● **What you have to do**: From the data that follows, copy every line holding the string "agent".

(Data records)
Segment Open

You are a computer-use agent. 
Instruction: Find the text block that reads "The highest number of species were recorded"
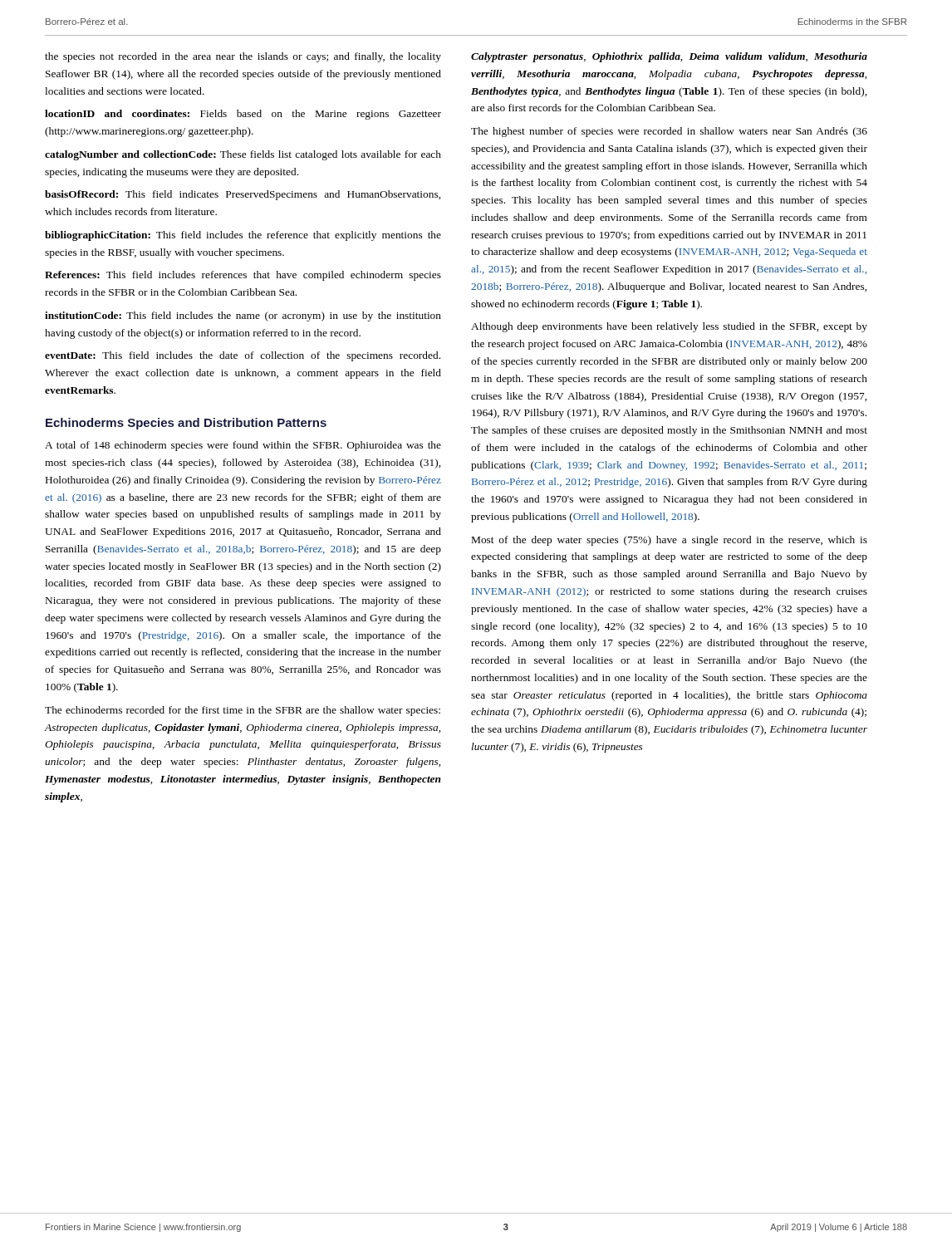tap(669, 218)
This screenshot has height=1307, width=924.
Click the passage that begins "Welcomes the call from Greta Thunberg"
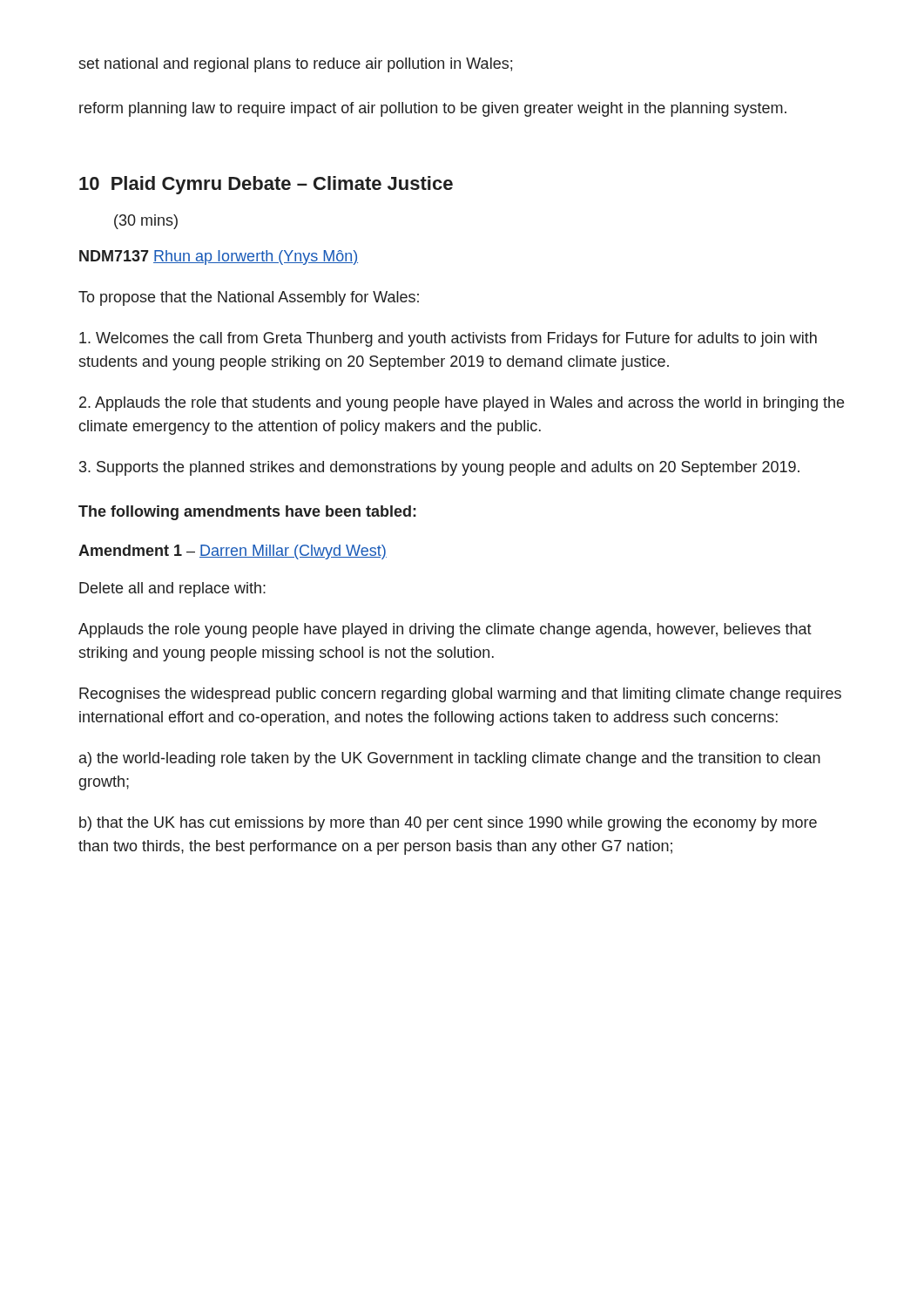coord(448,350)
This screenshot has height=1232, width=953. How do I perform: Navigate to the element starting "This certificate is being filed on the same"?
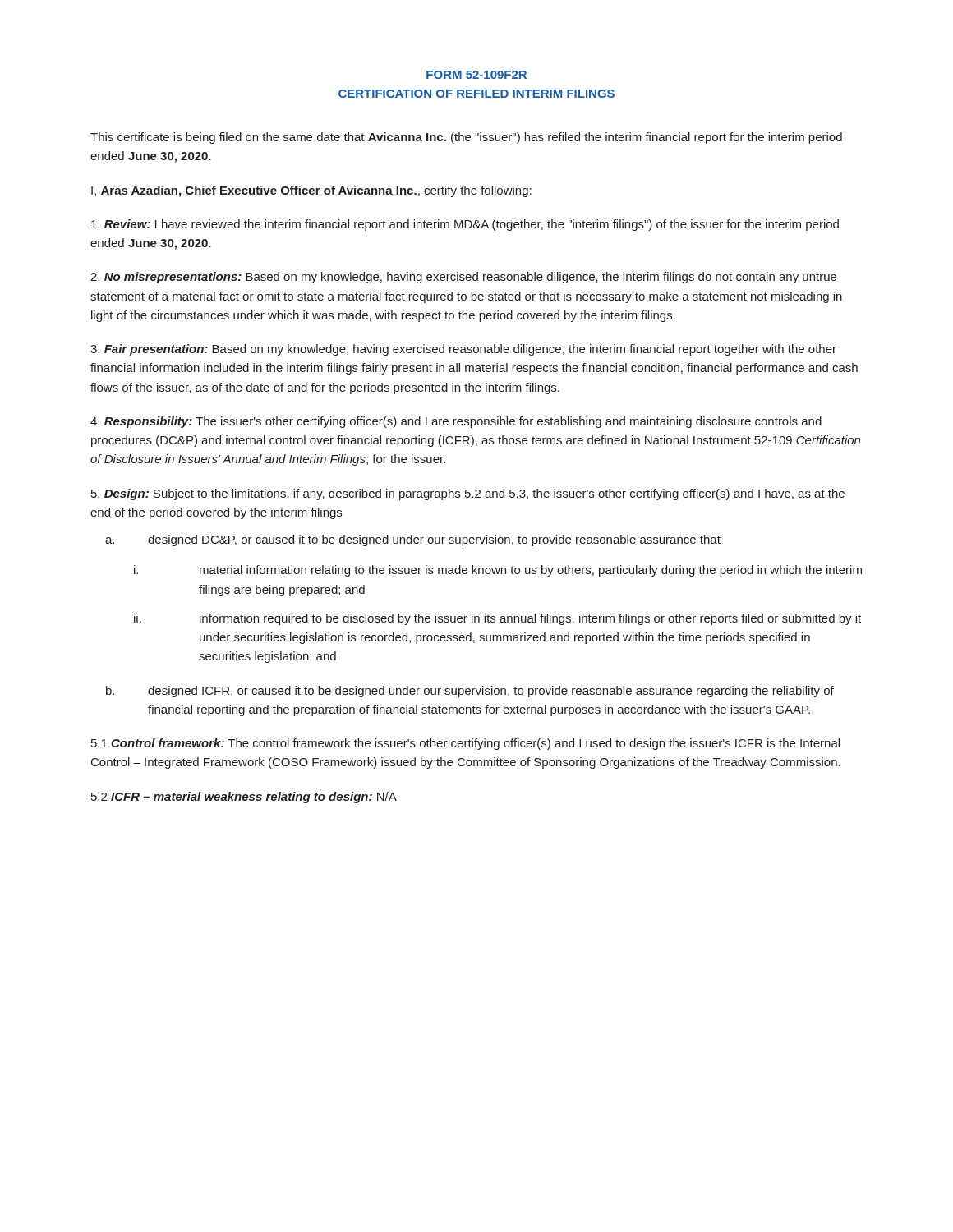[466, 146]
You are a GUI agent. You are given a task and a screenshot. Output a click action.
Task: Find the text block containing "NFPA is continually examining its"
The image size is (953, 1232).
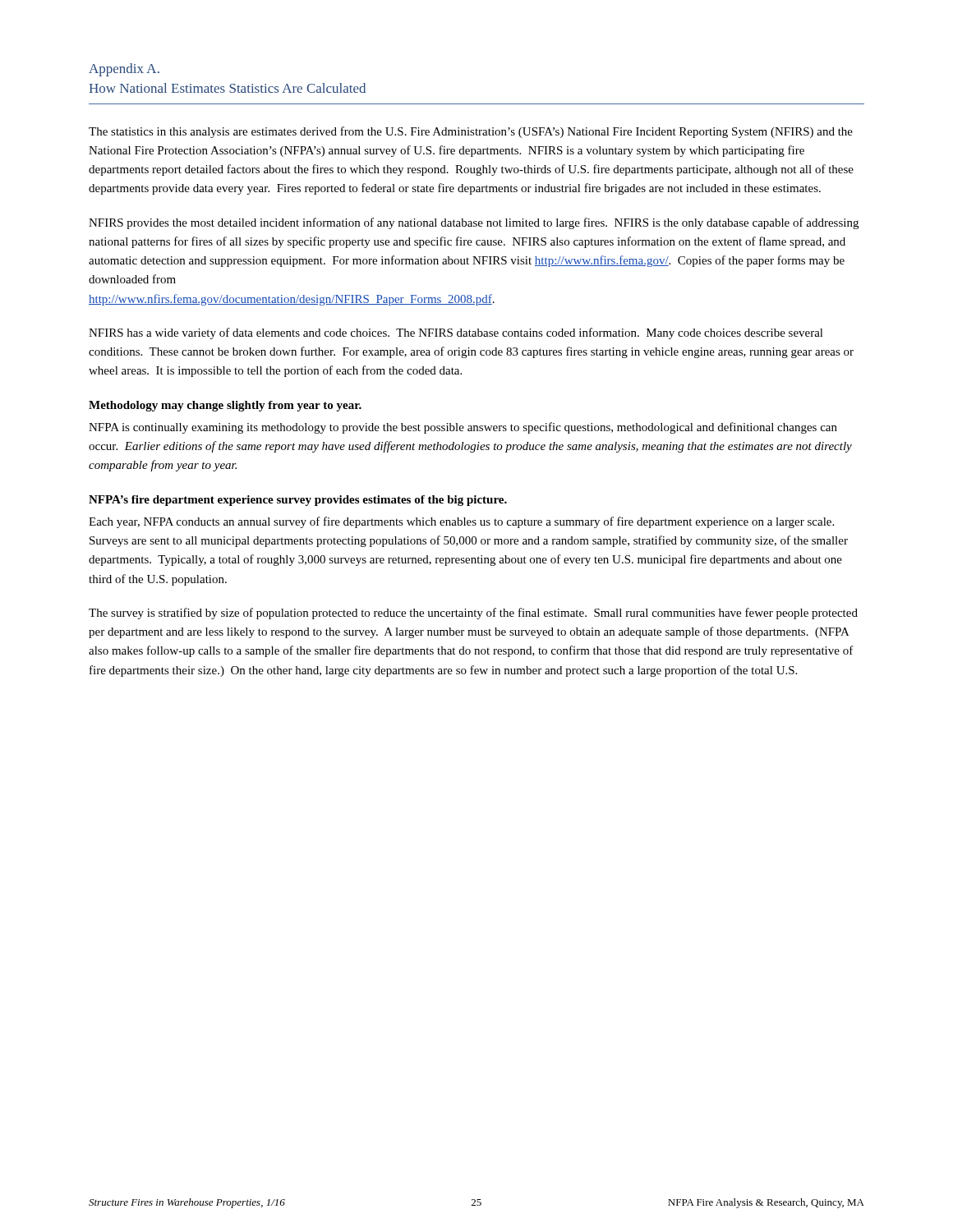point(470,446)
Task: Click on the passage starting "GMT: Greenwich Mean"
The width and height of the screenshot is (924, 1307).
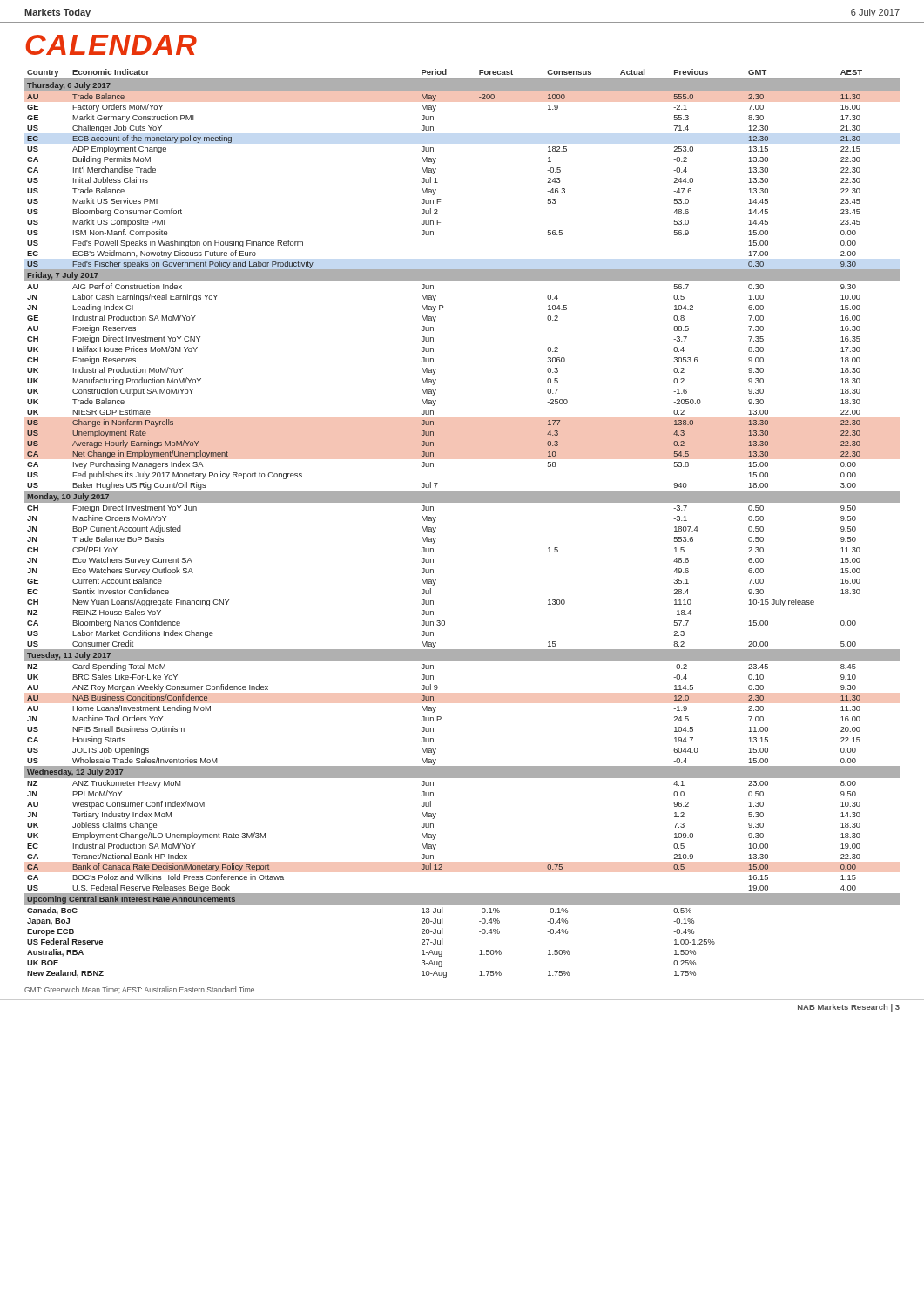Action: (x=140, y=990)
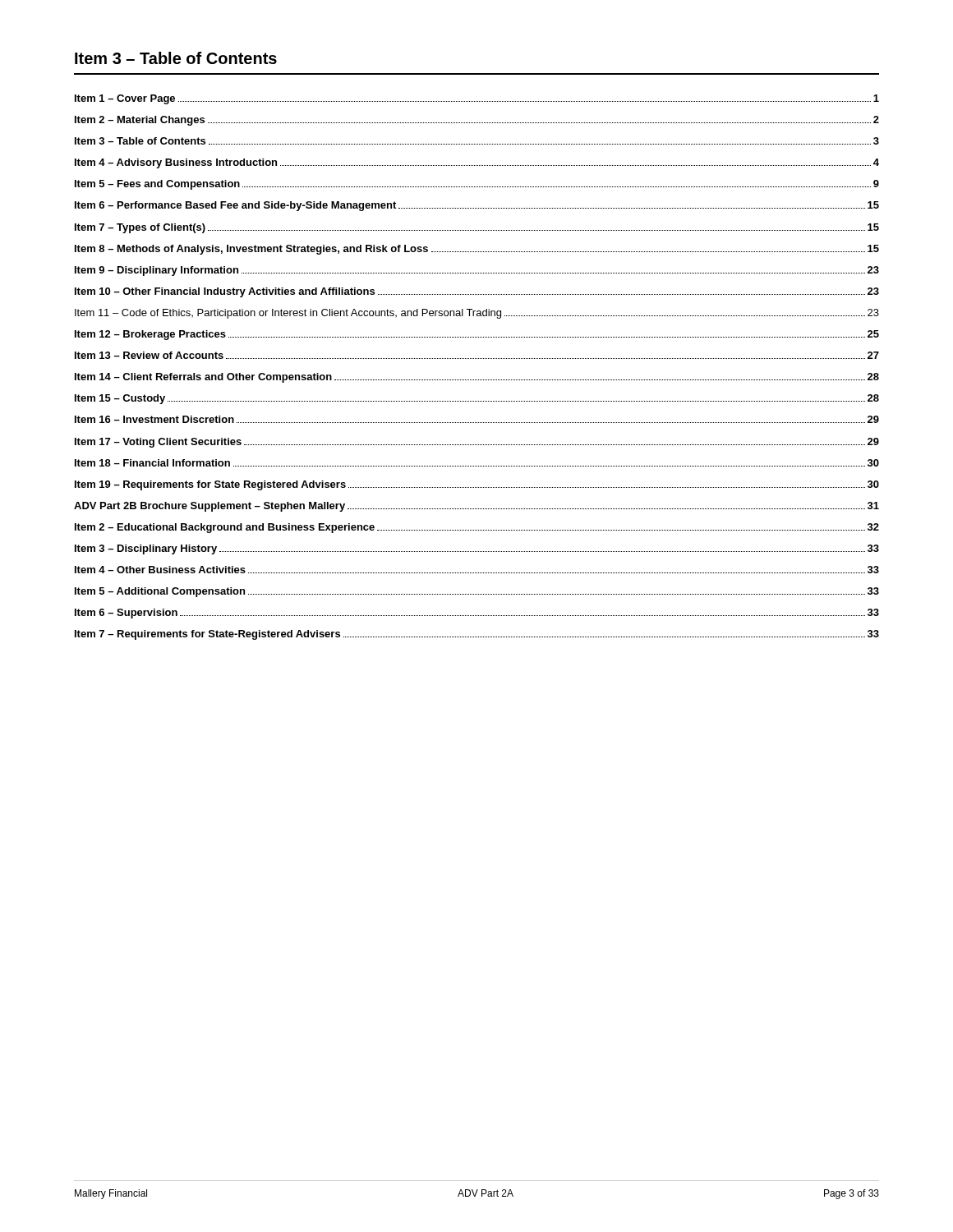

Segment Closed

● **Solution**:
You are a computer-use agent. 
You are a GUI agent. You are given a task and a screenshot. Output a click action.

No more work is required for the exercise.